From Fantastic Man n° 41 — 2025
Text by JASON OKUNDAYE
Photography by OLIVER HADLEE PEARCH
Styling by GERRY O’KANE

FANTASTIC MAN - Skepta for Fantastic Man no. 41 story by Jason Okundaye and photography by Oliver Hadlee Pearch

Skepta’s brain is glitching: he puts his hands on his head and shoots bemused looks all over the room, as if searching for something he’s lost. It’s a Tuesday, and we’ve just wrapped up speaking in his studio space in Soho, London, when I ask him if he’s looking forward to his DJ set at the Glade stage of Glastonbury Festival on Friday, where he’s scheduled for a B2B set with Brazilian DJ Mochakk and Turkish DJ Carlita. “When is it, this Friday?” He’s exerted an unruffled calm in the time we’ve spent together, but now a look of panic cloaks his face. His publicist, Kiki, reminds him that it’s an 11pm set. “So, are you looking forward to it?” I ask again. “Yes… I am scared now. It’s crazy when people ask me ‘Should we meet up on Saturday?’ and it’s Tuesday today; I’ll freeze. If someone says something too far away, I’m done.” I’m similarly scatterbrained, so I advise making good use of the iPhone calendar app. This flusters him too; he can never seem to calibrate it on his own device.

Occasional overwhelm and malfunction is an inevitable consequence of being a restless person. As the grime MC and producer tells me, he doesn’t like to have an “idle” mind. You can glean that from his myriad creative pursuits: there is always some kind of mysterious new side mission that Skepta is pursuing. His music of course. But then there’s running his fashion label, MAINS, auctioning off painted works for £81,900 through Sotheby’s, organising a multi-genre music festival (Big Smoke), directing a short film (‘Tribal Mark’), designing sneakers with Puma, getting a chieftaincy in Ogun State, Nigeria, and figure-heading his Más Tiempo record label, focused on house and techno music, which has residencies in Ibiza.

In fact, he’s just returned from this year’s residency, landing back in London from Spain last night. Ibiza was once a space he would use for respite and the typical holiday vices after a long tour, but it is now as much a location for business as for a great time. When he launched Más Tiempo in 2022, he says that reactions were sceptical.

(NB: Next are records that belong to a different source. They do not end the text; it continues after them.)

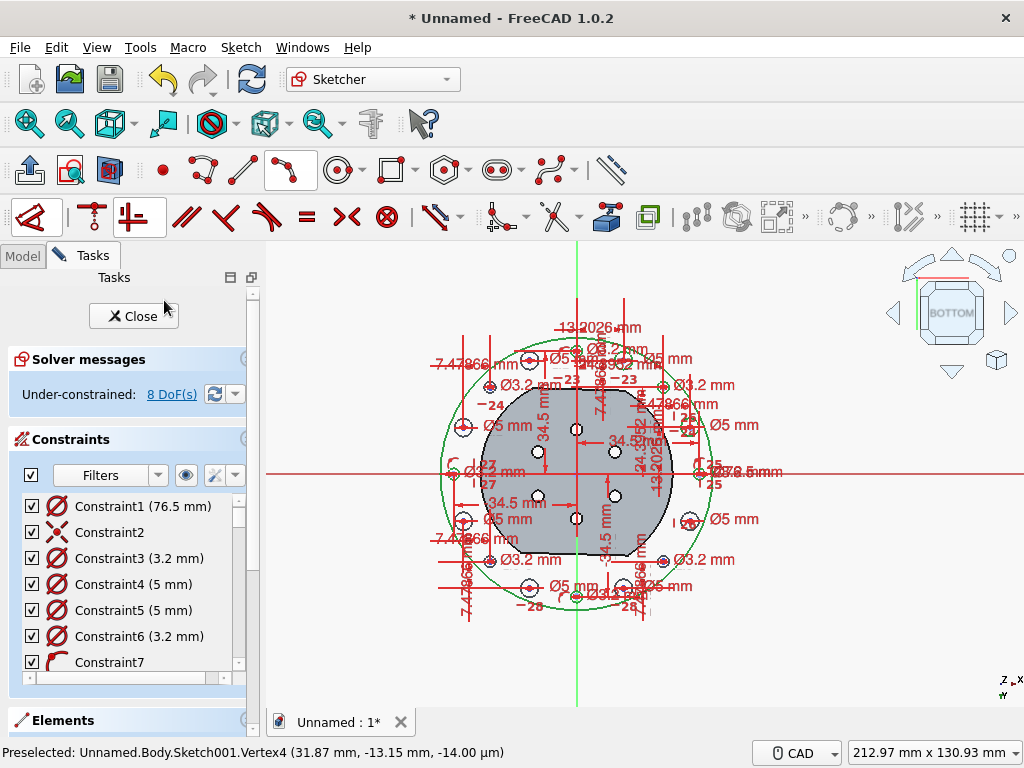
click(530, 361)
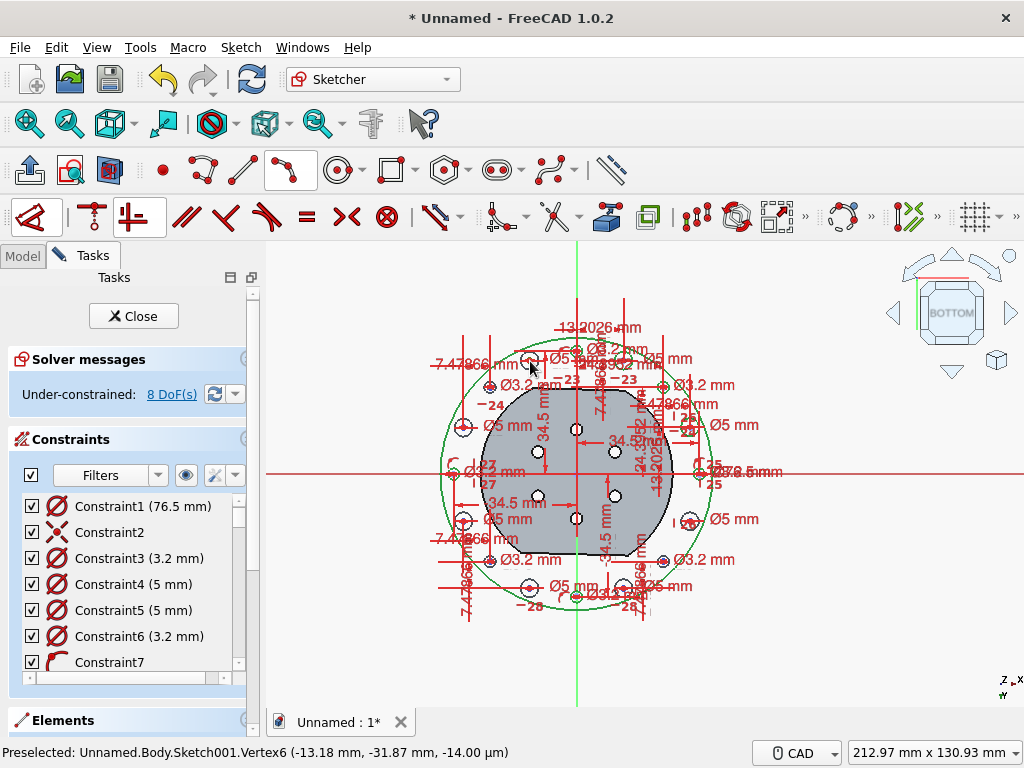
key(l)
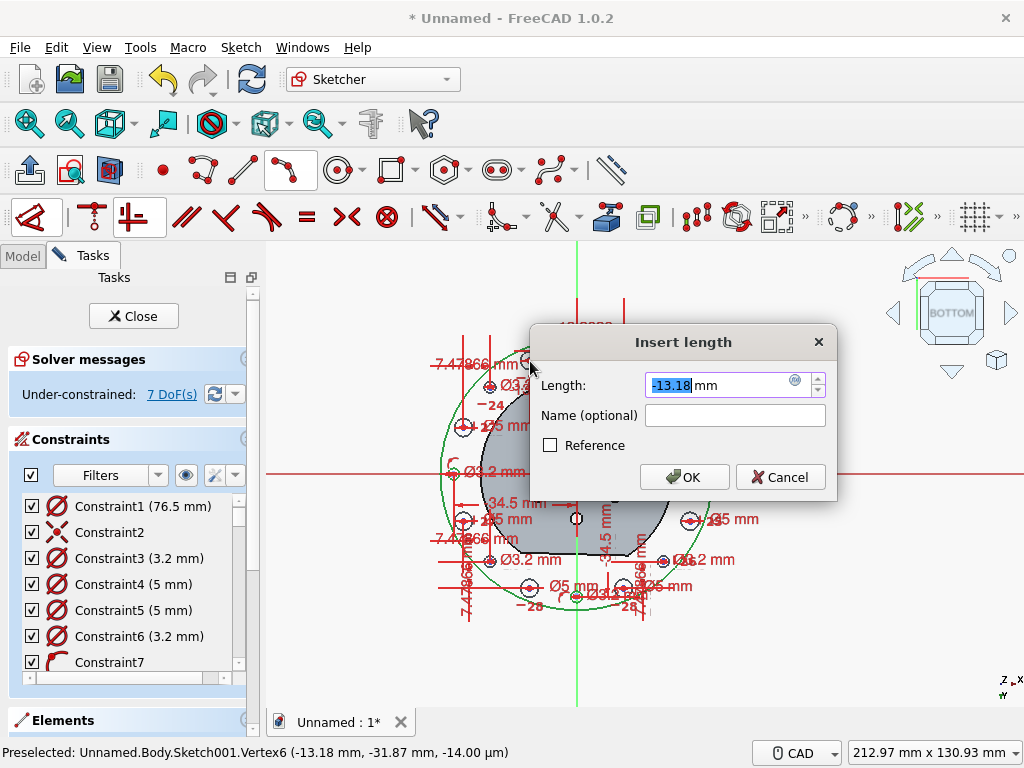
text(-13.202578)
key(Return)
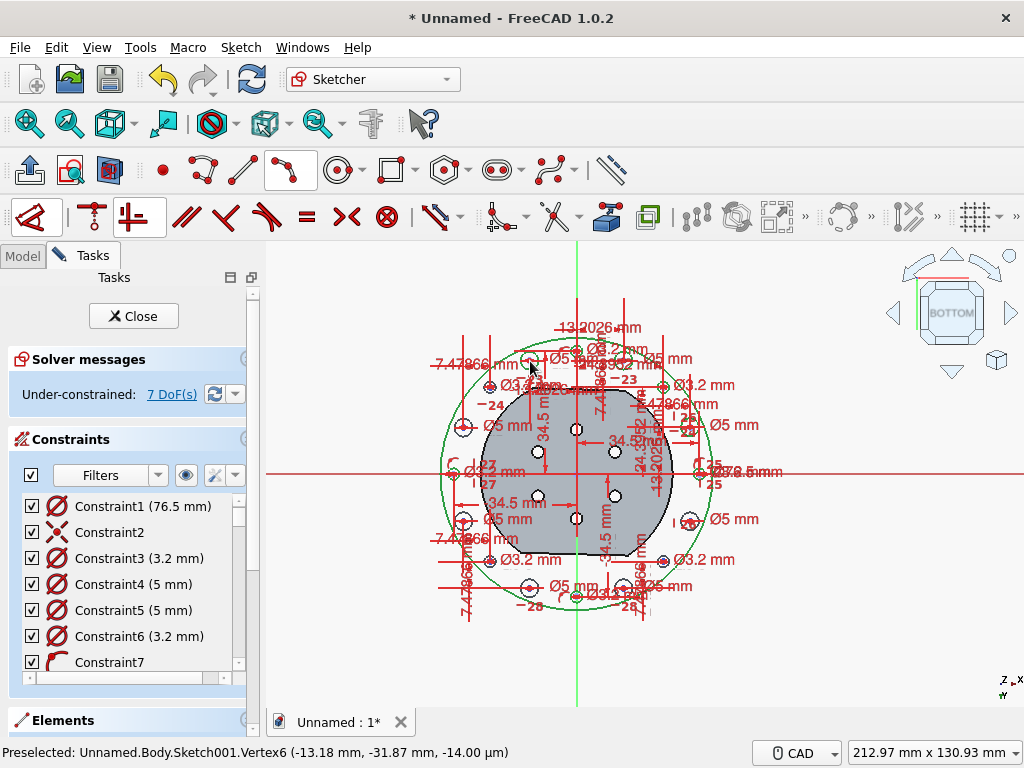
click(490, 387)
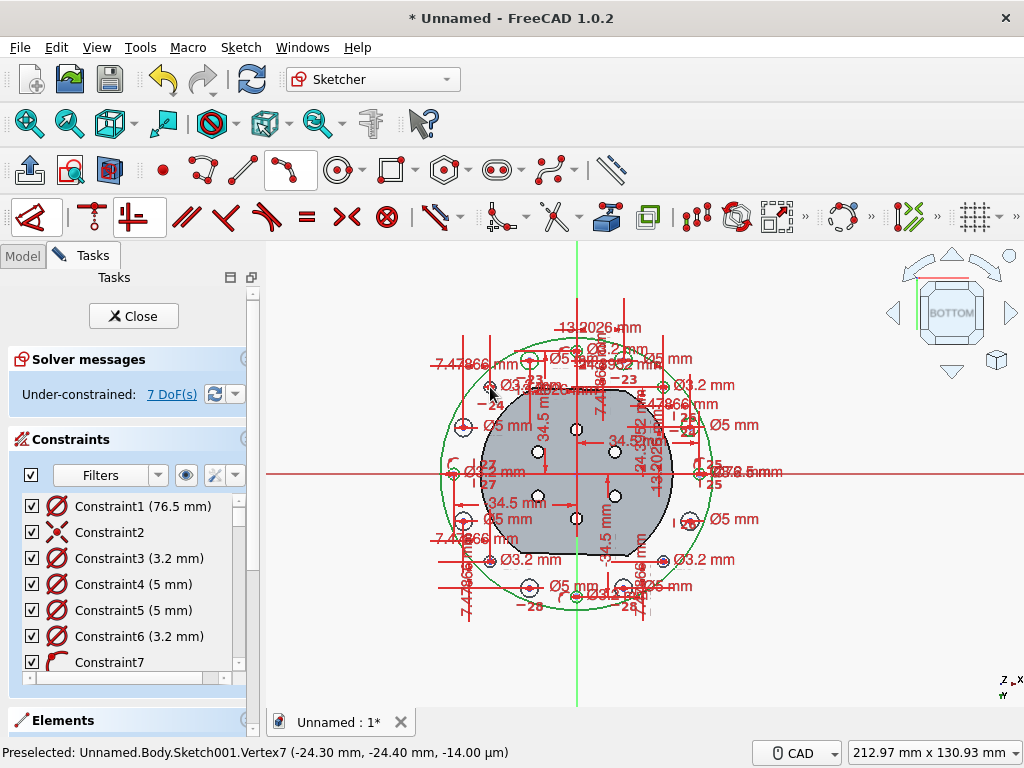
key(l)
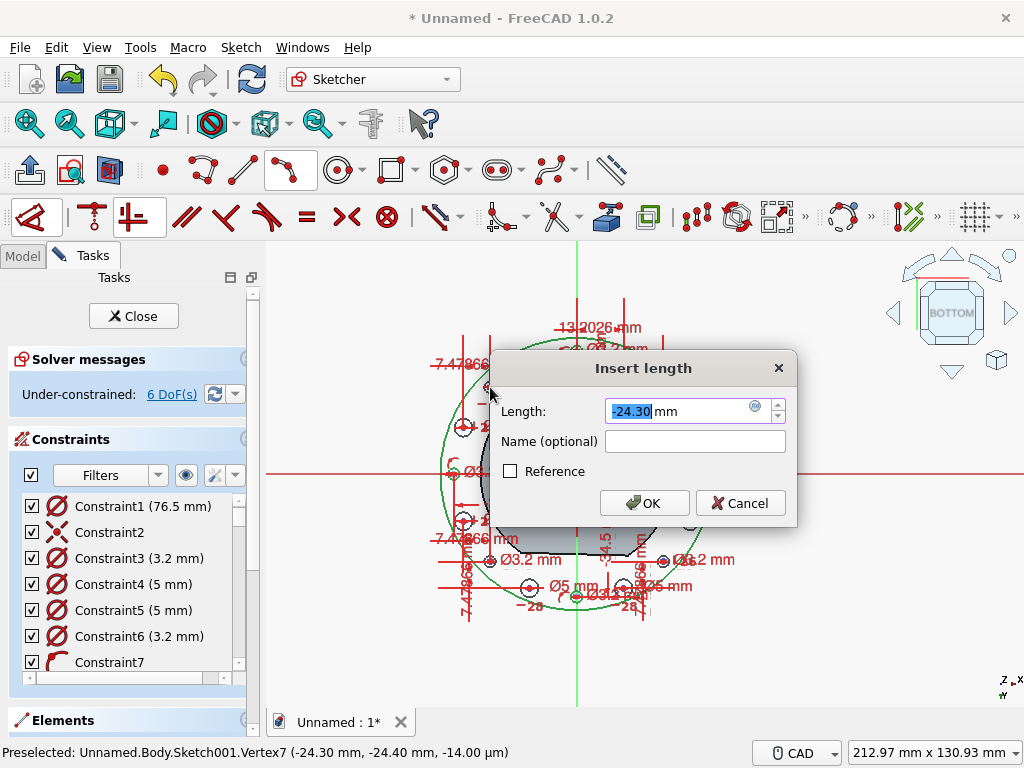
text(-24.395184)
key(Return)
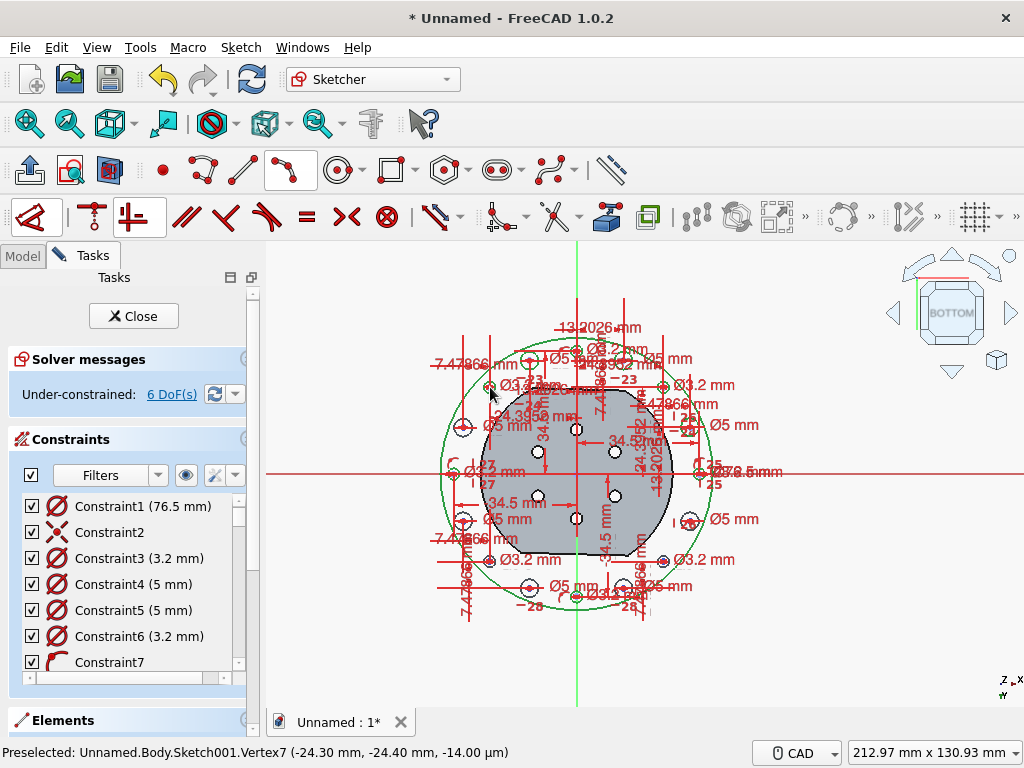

It was treated almost as a contradiction for a grime rapper to launch a house-techno project: people thought he was “just trying to finesse the house scene” for more money to add to the pile.

FANTASTIC MAN - Skepta for Fantastic Man no. 41 story by Jason Okundaye and photography by Oliver Hadlee Pearch
In 2018 Skepta was made a chieftain of his parents’ home state of Ogun, Nigeria, receiving the honorary title Amuludun, which translates as “Chief Entertainer.”

But his education in dance music dates back to the same time as his early underground grime clashes and stints on pirate radio. “It comes from Matt ‘Jam’ Lamont. It comes from EZ. It comes from Todd Edwards. It comes from all those speed-garage tape packs I used to listen to back in the day, those house CDs I used to listen to when I was growing up,” he explains. “Grime is derivative of all those sounds, innit? It’s funny, though, because I know a lot of people are still, like, ‘Hmm…but you’re a rapper,’” he squeezes his face, as if mocking their ignorance, “but then when they get to the set, they’re, like, ‘Wow.’” He explains that this is due to much of the British rap scene’s roots in rave culture. Where Americans might have had their early exposure to entertainment in attending, say, a Lil Wayne concert, for Brits “our school partying is in raves; I’m raving as a teenager, so I’ve had all this time as a raver, then we rap. So it’s, like, now I want to do house music. It’s very second nature to me, so it makes me laugh when people are surprised.”

(THE MAINS STUDIO)

In his studio space, Skepta stands before me topless, wearing only a fitted cap and a pair of denim shorts. They are from his MAINS collection, and he is busy checking their fit and construction. He doesn’t seem too happy with the waist and snatch of the shorts. “Want a bit more of a sexy fit,” he says.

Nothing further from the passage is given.